By writing it this way, even minimal optimizations (-O1) ensure that the default predicate of alwaystrue is optimized away entirely (it behaves as if that specialization of Find doesn't even include && cmp(j)/&& pred(j)). If the caller explicitly passes a function/function pointer, they'll usually (barring extreme link time optimizations) get the slower behavior associated with calls through function pointer but it will still work; if they know what they're doing, they'll pass a lambda or functor and get the same optimizations alwaystrue gets (inlining the test to avoid function call overhead completely, though obviously it can't optimize the actual test itself unless its as a simple as alwaystrue's test).
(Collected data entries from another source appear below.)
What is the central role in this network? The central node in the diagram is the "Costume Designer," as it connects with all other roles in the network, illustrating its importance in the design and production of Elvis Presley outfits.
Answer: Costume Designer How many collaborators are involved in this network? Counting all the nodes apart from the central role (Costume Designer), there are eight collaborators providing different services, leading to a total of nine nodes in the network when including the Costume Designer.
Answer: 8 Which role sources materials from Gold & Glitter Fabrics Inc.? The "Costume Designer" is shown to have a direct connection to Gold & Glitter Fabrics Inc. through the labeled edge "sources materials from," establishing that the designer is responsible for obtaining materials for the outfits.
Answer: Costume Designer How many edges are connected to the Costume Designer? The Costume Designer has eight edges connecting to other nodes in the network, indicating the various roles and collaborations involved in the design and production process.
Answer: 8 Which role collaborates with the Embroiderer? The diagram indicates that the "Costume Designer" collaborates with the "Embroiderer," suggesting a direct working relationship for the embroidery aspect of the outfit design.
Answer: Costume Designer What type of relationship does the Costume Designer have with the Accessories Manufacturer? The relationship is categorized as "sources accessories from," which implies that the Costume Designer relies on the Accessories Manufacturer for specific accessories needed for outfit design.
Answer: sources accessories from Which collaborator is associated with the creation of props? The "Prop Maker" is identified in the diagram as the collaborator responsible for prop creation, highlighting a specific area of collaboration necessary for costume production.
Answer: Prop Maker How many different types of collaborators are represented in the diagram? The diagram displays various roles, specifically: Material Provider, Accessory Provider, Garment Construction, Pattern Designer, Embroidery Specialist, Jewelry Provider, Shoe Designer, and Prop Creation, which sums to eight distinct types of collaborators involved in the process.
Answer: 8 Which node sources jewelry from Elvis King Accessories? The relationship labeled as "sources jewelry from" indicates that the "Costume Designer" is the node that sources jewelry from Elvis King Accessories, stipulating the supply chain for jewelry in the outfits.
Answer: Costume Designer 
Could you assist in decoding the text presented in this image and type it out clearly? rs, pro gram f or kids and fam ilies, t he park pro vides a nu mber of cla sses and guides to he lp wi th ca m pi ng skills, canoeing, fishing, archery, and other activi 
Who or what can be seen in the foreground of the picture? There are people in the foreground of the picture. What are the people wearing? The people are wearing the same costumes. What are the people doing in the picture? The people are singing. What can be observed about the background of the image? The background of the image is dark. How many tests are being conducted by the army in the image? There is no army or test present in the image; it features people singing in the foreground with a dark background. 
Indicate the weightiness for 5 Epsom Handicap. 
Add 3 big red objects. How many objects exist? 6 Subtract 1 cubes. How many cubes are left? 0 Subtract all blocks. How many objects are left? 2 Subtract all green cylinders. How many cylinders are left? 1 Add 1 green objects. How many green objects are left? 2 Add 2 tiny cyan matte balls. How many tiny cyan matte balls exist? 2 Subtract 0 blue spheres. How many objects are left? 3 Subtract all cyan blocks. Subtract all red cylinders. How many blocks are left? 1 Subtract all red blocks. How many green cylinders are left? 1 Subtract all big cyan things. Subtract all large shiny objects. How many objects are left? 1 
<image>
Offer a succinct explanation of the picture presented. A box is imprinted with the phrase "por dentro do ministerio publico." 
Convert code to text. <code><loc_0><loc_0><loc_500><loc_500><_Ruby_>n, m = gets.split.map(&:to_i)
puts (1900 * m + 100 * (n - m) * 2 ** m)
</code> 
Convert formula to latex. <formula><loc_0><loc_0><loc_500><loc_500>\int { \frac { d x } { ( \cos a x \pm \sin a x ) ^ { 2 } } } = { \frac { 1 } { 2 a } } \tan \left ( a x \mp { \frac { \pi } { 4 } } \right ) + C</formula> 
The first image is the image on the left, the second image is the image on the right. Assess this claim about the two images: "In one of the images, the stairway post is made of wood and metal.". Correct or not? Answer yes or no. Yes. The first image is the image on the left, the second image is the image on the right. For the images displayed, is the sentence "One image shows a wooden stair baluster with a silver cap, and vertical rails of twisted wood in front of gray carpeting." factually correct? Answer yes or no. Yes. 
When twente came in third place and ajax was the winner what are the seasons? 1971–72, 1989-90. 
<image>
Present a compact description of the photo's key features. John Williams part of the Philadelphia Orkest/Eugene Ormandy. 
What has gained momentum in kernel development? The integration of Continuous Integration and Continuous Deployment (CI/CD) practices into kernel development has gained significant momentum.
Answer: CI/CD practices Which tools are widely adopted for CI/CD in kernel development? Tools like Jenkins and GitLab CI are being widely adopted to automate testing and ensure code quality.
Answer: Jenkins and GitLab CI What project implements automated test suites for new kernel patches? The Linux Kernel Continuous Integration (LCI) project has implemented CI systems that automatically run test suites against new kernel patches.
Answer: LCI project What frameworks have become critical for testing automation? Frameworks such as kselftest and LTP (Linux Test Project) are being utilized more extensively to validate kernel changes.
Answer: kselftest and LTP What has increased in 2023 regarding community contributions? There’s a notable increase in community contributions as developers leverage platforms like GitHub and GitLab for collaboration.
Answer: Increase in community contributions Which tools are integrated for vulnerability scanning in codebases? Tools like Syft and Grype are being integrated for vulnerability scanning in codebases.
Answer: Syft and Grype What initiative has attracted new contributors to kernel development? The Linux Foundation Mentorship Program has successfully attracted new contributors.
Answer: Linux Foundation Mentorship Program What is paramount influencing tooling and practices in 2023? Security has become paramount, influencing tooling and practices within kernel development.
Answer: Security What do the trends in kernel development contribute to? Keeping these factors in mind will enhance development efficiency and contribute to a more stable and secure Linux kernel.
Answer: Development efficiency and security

As an alternative approach that avoids spilling information about alwaystrue to anyone who includes your header, you can define two versions of your function, one of which accepts the predicate, and the other of which does not. Done this way, you can hide alwaystrue in your source file (or inline the raw lambda without naming it), where it won't be seen or shared with other compilation units. Done this way, you can define a non-defaulting templated function and declare (without defining) a non-templated function that doesn't take a predicate argument in your header:

template<typename Predicate>
map<_NODE, int> Find(const _NODE& src, const int max, Predicate pred) const {

map<_NODE, int> Find(const _NODE& src, const int max) const;

then in your source file (hidden from others including your header), you'd the trivial body of the non-templated function implemented in terms of the templated function:

map<_NODE, int> Find(const _NODE& src, const int max) const {
    return Find(src, max, [](int) { return true; });
}

This approach is what the C++ standard library does with functions like std::sort where the comparator is optional; template< class RandomIt > void sort( RandomIt first, RandomIt last ); is typically implemented as return sort(first, last, functor_to_compare_iterator_targets());.